Related Work & Insights¶
| Dimension | OSEDiff (Wu et al., 2024b) | Ours (GenDR) |
|---|---|---|
| Base Model | SD2.1 (4-channel VAE, 0.9B) | SD2.1-VAE16 (16-channel VAE, 0.9B) |
| Mechanism | VSD + L1/MSE Regularization | CiDA: SR Priors + Adv + REPA |
| Inference Time | 103ms | 77ms |
| Q-Align | 4.306 | 4.453 |
| Dimension | DreamClear (Ai et al., 2025) | Ours (GenDR) |
|---|---|---|
| Base Model | PixArt-α (2.2B) | SD2.1-VAE16 (0.9B) |
| Steps | 50 | 1 |
| Function | 2 ControlNets + MLLM | Minimalist (Fixed Embedding) |
| Inference Time | 6892ms (3×A100) | 77ms (1×A100) |
| MUSIQ | 67.22 | 71.57 |
Rating (1-5)¶
- Novelty: 4 — Insight into T2I/SR divergence is novel; CiD's integration of SR priors into score distillation is an original contribution.

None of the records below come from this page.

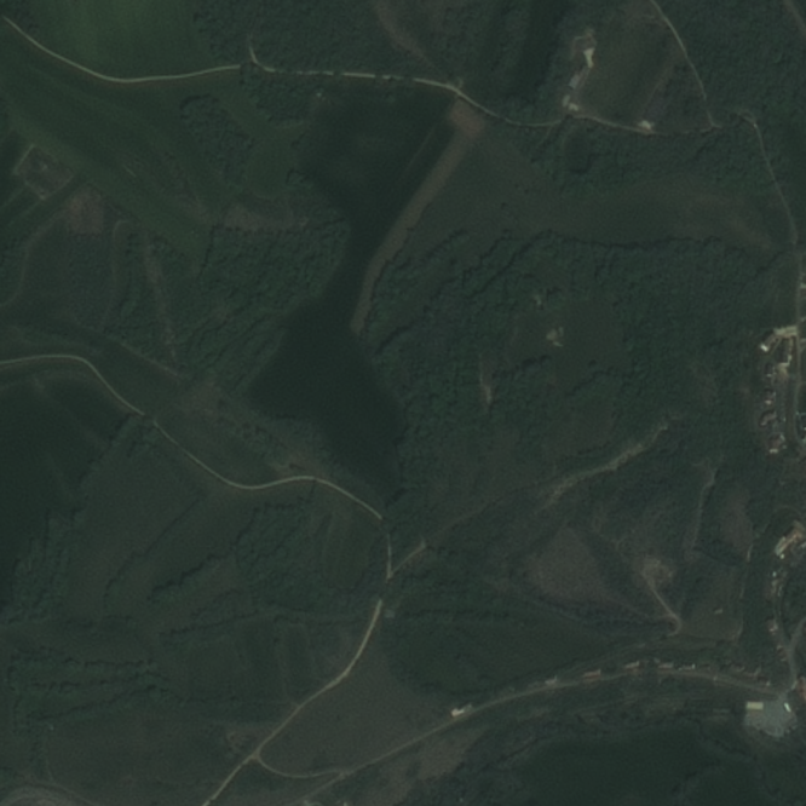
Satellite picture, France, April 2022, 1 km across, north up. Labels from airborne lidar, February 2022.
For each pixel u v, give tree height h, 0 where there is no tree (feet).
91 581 0
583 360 0
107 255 28
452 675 0
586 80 0
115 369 0
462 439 0
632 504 29
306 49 37
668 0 32
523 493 26
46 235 0
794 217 21
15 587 29
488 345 28
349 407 0
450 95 0
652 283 48
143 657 0
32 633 0
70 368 0
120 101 0
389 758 0
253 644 0
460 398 47
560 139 44
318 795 0
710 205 0
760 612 34
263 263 18
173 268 20
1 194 0
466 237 35
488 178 0
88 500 24
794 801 24
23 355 0
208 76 0
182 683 0
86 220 0
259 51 34
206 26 34
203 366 39
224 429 40
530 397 51
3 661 0
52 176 0
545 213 0
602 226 0
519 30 60
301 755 0
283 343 0
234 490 0
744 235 0
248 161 43
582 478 37
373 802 0
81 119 0
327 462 33
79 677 0
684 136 20
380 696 0
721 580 0
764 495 51
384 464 0
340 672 0
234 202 0
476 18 40
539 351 0
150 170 0
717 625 0
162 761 0
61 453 0
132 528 0
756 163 59
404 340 47
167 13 0
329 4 48
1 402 0
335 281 0
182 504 0
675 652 20
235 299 42
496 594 36
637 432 19
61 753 0
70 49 0
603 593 0
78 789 0
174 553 0
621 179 53
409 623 25
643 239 0
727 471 27
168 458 23
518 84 0
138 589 0
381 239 0
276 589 21
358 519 0
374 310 21
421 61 26
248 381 42
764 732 26
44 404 0
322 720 0
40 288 0
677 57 0
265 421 33
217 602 31
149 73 0
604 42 0
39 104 0
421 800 54
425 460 35
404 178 0
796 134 0
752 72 57
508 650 0
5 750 0
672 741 0
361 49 25
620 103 0
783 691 0
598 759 0
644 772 0
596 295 0
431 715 0
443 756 0
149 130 0
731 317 55
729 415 28
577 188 47
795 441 0
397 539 44
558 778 0
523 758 0
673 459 48
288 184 25
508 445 0
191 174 0
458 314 53
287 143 0
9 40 0
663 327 27
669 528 27
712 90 42
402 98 0
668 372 21
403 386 23
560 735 68
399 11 0
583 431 0
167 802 0
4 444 0
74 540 29
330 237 43
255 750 0
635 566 0
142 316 23
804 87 70
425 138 0
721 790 0
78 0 0
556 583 0
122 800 0
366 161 0
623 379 28
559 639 0
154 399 0
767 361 0
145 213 0
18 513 0
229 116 35

- Technical Depth: 4 — Well-modeled evolution from VSD to CiDA with rigorous ablation of design decisions.
- Experimental Thoroughness: 4 — Comprehensive evaluation across 13 metrics and real/synthetic datasets, though downstream task evaluation is absent.
- Writing Quality: 4 — High-quality presentation with clear motivation and logical progression.